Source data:
- Opening Delimiter -
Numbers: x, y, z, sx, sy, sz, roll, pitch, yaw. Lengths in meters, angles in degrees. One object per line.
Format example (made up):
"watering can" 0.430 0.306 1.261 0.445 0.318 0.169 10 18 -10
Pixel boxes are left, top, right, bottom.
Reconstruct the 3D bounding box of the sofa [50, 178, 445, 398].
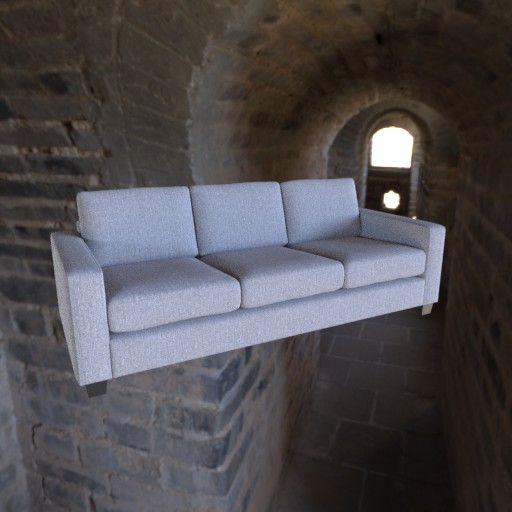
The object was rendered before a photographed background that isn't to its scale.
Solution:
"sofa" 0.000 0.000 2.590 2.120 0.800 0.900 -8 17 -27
- Closing Delimiter -
- Opening Delimiter -
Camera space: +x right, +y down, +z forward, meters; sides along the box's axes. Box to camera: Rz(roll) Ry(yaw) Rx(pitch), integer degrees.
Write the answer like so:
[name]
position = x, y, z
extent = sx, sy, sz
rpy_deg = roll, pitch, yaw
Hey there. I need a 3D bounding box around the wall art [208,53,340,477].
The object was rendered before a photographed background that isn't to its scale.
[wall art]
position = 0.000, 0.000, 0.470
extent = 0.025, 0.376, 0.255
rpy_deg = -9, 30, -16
- Closing Delimiter -
● EXERCISE OBJECTIVE:
Show the lines from the data above that contain the string "right".

● RESPONSE:
Pixel boxes are left, top, right, bottom.
Camera space: +x right, +y down, +z forward, meters; sides along the box's axes. Box to camera: Rz(roll) Ry(yaw) Rx(pitch), integer degrees.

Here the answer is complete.